Beneath this instruction is a listing; print exactly the lines in it starting at the line that contains "params authentication only for the" and going through the line that contains "# config.paranoid = true".

▶ **AVAILABLE DATA**
________________

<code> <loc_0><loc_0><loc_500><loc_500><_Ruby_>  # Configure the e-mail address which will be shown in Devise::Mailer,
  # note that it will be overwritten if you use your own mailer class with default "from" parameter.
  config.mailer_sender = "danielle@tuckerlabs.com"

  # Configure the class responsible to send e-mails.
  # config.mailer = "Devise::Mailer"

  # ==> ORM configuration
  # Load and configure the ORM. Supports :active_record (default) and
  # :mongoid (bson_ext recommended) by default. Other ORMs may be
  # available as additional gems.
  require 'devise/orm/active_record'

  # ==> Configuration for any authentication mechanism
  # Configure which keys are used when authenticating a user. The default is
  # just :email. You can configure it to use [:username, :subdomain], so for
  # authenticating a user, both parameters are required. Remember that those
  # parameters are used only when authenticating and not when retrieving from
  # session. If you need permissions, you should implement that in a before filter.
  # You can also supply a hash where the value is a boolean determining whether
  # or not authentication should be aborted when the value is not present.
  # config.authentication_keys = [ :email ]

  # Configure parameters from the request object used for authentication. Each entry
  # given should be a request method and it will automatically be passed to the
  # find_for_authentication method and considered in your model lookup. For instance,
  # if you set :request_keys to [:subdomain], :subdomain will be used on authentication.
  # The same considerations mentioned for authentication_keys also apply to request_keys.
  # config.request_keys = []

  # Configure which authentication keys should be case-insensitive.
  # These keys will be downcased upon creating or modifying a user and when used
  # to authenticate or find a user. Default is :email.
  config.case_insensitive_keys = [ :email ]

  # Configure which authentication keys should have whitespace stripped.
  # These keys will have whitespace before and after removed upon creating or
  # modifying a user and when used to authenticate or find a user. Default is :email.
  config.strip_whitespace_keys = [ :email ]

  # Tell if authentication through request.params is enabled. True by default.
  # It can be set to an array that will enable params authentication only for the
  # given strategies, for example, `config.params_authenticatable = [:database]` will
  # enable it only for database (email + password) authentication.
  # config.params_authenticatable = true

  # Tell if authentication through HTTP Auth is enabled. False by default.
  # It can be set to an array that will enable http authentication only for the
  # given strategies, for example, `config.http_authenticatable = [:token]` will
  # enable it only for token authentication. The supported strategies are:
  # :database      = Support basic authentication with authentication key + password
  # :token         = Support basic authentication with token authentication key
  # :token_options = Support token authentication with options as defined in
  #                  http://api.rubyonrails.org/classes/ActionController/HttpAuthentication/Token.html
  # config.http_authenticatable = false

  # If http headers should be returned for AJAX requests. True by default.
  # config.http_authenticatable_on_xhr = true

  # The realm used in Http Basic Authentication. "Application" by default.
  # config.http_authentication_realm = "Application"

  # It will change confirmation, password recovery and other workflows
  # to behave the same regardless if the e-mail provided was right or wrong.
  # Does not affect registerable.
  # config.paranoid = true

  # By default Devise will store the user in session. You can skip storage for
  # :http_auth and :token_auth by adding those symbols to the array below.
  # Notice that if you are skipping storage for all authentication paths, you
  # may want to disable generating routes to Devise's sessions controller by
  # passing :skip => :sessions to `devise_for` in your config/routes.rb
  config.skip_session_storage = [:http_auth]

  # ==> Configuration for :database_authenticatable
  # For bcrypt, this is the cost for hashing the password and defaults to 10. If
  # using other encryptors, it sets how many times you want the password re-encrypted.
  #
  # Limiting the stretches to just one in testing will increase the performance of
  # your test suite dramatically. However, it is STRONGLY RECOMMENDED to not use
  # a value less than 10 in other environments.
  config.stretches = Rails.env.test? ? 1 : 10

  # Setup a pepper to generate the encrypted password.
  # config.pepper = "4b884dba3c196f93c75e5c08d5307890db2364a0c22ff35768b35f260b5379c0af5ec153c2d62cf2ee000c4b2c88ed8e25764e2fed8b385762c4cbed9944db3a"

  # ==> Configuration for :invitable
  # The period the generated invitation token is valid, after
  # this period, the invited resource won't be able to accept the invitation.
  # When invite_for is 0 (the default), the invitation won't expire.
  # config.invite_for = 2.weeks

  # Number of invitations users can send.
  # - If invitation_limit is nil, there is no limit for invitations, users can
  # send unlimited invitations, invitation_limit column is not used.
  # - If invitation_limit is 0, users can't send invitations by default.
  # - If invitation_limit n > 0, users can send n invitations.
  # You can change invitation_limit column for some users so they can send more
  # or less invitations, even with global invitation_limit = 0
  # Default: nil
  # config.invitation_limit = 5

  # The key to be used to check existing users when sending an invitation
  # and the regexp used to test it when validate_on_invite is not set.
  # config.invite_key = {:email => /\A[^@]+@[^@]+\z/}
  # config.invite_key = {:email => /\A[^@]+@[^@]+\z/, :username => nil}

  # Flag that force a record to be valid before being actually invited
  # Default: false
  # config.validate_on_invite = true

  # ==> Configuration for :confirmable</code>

________________

▶ **RESULT OF THIS EXERCISE**
  # It can be set to an array that will enable params authentication only for the
  # given strategies, for example, `config.params_authenticatable = [:database]` will
  # enable it only for database (email + password) authentication.
  # config.params_authenticatable = true

  # Tell if authentication through HTTP Auth is enabled. False by default.
  # It can be set to an array that will enable http authentication only for the
  # given strategies, for example, `config.http_authenticatable = [:token]` will
  # enable it only for token authentication. The supported strategies are:
  # :database      = Support basic authentication with authentication key + password
  # :token         = Support basic authentication with token authentication key
  # :token_options = Support token authentication with options as defined in
  #                  http://api.rubyonrails.org/classes/ActionController/HttpAuthentication/Token.html
  # config.http_authenticatable = false

  # If http headers should be returned for AJAX requests. True by default.
  # config.http_authenticatable_on_xhr = true

  # The realm used in Http Basic Authentication. "Application" by default.
  # config.http_authentication_realm = "Application"

  # It will change confirmation, password recovery and other workflows
  # to behave the same regardless if the e-mail provided was right or wrong.
  # Does not affect registerable.
  # config.paranoid = true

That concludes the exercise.